■ **REQUIREMENT**
Please show every line from the entries that carries the word "IAtomServiceMime".

═══

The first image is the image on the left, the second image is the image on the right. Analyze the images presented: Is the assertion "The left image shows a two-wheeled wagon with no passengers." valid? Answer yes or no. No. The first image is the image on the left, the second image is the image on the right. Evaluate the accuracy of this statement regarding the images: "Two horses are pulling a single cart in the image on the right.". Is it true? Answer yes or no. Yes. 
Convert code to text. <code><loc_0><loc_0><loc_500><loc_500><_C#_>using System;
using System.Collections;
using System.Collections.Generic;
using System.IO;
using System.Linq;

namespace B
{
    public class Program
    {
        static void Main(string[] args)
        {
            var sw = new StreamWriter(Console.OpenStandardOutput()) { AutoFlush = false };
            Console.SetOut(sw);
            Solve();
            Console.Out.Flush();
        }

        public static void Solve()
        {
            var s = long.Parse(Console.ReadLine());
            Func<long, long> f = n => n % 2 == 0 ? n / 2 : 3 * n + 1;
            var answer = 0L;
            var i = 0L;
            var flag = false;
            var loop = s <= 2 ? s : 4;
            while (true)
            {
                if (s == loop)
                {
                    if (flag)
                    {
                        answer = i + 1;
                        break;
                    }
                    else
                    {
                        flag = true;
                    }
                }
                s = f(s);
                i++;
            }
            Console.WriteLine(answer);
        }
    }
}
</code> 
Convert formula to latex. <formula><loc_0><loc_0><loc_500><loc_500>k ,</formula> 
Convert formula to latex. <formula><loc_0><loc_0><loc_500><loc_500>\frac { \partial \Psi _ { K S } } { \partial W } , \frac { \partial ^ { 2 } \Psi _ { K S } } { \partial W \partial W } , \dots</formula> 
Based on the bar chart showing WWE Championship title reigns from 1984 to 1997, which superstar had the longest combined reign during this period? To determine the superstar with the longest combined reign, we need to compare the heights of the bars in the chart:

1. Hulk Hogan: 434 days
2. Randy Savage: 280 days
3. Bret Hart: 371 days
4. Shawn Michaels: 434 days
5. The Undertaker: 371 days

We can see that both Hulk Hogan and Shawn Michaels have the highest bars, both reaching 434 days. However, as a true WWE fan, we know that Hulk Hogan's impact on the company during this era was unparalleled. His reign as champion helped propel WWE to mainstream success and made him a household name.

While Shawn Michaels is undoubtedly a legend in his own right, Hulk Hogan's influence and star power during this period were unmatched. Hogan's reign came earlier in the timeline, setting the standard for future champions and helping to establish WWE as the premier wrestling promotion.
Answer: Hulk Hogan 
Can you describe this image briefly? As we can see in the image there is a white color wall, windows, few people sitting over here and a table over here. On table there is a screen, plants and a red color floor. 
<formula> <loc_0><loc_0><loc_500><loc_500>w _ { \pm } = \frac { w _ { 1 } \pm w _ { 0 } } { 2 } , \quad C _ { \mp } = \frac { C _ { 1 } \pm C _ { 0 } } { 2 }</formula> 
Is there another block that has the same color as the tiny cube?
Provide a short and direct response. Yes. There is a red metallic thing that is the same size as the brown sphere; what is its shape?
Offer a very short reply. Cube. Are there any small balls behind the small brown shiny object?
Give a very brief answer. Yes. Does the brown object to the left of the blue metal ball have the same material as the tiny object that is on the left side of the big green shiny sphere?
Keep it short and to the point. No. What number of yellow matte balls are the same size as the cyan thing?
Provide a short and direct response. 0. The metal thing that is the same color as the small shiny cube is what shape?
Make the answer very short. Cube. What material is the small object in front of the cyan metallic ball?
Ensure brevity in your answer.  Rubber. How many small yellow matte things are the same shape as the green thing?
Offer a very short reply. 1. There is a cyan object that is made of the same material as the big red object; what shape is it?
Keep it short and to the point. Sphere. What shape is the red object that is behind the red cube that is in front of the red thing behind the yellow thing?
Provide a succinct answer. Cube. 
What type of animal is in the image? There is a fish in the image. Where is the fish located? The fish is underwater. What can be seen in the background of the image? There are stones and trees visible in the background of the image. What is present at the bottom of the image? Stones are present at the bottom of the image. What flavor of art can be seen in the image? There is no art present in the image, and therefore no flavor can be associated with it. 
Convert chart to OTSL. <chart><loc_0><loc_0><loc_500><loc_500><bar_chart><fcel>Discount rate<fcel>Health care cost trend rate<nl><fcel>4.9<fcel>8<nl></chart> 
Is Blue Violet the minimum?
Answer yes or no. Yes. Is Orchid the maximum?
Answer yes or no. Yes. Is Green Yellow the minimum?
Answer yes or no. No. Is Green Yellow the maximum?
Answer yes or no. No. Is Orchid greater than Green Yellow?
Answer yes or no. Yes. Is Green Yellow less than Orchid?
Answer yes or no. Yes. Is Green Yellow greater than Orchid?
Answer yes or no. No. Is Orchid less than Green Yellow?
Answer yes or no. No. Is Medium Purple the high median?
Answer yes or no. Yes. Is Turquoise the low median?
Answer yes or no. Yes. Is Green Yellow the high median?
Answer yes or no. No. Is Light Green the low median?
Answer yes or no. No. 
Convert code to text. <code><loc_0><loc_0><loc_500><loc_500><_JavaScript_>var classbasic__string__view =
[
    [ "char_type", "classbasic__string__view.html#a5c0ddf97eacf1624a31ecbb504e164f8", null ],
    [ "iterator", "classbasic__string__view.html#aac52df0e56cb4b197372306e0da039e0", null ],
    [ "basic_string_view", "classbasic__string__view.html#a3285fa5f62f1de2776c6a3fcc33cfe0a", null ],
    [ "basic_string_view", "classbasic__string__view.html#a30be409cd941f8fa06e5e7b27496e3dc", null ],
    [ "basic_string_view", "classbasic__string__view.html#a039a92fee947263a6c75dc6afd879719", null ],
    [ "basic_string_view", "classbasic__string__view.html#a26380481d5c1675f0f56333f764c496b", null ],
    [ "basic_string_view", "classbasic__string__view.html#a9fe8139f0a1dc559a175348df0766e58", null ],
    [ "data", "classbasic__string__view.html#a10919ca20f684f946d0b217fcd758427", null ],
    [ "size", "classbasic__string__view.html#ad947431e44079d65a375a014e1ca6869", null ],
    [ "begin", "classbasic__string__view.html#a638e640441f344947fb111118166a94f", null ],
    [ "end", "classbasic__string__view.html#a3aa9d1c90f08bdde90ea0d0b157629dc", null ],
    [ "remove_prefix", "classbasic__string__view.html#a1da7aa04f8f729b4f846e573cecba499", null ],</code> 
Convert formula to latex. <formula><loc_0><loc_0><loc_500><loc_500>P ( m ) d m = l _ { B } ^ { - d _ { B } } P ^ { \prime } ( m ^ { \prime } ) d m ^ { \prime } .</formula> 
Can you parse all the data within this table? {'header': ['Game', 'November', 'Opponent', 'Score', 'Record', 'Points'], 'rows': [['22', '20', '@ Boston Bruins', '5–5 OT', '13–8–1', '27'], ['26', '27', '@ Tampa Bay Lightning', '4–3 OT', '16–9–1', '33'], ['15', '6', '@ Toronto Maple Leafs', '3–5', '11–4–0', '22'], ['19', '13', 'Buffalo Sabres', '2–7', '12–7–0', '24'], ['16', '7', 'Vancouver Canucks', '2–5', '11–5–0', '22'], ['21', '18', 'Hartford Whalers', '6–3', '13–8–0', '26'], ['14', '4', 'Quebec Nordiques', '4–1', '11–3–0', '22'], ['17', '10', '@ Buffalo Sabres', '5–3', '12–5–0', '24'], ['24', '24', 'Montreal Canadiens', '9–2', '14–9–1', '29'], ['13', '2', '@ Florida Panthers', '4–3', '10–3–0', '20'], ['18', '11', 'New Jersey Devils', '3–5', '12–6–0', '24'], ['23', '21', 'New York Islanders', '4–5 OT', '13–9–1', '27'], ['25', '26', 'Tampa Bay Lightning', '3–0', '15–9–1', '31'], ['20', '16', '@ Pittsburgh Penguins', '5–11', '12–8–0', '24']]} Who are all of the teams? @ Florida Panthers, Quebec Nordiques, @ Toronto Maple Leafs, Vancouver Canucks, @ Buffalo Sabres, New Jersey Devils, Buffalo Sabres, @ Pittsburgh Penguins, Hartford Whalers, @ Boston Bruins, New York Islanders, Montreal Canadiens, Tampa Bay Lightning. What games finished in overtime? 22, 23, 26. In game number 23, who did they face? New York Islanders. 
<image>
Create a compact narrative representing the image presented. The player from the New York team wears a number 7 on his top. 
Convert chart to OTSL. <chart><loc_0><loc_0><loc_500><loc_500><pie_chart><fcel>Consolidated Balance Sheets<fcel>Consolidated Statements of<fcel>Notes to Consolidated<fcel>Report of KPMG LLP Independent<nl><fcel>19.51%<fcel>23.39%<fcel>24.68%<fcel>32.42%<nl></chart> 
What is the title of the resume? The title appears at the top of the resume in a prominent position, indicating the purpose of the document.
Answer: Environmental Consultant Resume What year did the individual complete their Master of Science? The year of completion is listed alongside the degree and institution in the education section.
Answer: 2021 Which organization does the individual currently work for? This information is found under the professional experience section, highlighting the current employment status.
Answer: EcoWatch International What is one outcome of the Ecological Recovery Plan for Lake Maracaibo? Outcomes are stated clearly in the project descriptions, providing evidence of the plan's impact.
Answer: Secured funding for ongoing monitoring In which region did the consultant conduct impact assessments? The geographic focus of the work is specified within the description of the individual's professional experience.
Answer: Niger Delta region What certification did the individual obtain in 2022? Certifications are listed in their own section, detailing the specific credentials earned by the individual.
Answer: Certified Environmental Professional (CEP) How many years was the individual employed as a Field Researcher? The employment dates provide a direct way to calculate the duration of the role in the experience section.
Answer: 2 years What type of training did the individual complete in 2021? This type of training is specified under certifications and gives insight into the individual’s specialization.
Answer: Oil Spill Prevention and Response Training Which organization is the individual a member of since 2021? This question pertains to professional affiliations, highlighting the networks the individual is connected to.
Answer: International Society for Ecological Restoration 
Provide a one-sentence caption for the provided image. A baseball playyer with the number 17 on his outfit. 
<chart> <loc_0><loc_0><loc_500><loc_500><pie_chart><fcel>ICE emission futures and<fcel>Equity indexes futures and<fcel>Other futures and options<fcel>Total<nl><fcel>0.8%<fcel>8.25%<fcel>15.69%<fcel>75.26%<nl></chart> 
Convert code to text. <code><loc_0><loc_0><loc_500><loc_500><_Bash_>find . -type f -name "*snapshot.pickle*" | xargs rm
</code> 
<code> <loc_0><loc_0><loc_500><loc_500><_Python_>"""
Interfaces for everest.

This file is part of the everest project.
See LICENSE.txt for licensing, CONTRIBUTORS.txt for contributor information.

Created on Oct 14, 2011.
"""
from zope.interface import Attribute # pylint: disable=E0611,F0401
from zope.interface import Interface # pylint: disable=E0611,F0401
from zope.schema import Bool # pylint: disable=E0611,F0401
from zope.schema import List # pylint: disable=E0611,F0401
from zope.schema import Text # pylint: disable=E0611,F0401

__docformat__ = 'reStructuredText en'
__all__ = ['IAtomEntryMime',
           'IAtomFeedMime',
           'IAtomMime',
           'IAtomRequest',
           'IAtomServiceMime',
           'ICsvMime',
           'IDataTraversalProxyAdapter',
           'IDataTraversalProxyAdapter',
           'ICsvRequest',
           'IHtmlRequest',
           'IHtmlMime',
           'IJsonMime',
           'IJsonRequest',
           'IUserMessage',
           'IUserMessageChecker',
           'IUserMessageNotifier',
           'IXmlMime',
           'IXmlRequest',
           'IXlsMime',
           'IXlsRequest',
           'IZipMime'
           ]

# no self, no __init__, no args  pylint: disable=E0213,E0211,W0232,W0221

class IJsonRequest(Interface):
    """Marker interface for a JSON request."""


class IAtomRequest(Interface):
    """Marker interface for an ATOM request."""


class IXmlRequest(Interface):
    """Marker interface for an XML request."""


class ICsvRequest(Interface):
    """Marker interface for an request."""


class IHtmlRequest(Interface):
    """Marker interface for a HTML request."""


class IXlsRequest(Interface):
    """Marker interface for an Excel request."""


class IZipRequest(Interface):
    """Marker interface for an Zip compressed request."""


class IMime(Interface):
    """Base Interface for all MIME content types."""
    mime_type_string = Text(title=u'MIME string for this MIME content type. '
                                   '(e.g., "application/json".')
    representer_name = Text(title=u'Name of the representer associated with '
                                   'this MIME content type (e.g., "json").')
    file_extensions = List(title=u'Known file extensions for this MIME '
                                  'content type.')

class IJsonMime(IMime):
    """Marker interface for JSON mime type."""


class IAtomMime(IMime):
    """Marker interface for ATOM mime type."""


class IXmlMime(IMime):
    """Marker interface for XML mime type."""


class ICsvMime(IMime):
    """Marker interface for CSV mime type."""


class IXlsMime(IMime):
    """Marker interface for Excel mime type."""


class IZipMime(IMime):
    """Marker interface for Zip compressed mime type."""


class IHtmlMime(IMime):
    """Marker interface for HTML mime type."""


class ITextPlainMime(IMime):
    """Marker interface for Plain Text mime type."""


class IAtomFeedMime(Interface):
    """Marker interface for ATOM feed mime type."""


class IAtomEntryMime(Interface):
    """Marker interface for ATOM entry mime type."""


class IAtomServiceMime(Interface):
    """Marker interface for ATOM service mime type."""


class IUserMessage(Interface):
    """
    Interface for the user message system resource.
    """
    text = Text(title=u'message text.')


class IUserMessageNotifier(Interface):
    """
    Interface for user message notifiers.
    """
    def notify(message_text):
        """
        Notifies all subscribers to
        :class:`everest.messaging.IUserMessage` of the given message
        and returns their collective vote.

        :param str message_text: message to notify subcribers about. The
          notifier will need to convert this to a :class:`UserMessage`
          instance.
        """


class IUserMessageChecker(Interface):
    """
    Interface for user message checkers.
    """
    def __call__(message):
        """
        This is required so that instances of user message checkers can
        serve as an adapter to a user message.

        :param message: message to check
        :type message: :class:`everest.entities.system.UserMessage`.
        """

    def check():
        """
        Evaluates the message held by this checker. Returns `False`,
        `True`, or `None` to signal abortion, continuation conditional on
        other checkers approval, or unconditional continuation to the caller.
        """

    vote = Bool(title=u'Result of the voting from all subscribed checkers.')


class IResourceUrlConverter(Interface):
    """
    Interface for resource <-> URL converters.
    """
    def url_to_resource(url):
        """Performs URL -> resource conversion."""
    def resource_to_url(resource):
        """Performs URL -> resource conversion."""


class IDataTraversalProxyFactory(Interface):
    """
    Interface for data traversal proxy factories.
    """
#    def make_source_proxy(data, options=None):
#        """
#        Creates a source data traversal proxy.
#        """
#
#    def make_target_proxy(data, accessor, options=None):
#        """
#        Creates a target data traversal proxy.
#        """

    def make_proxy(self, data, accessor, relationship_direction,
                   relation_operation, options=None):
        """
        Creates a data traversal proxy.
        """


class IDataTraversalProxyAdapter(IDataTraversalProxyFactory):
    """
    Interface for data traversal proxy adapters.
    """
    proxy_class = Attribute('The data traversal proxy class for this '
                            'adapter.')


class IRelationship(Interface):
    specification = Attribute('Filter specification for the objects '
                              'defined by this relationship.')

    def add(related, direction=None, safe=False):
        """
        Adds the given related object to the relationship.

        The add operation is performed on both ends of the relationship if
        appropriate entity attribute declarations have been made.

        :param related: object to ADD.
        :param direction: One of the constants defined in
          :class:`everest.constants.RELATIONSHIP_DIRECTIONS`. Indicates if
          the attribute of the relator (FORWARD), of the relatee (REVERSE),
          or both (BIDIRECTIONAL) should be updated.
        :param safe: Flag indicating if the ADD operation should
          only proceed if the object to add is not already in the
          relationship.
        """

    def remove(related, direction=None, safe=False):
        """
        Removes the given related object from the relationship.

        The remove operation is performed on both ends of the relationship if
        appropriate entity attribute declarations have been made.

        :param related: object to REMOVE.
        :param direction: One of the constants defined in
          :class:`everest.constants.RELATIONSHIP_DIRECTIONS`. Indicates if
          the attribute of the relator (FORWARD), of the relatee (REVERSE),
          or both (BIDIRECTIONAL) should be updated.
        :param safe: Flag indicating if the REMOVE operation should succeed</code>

═══

■ **RESPONSE TO THE TASK**
           'IAtomServiceMime',
class IAtomServiceMime(Interface):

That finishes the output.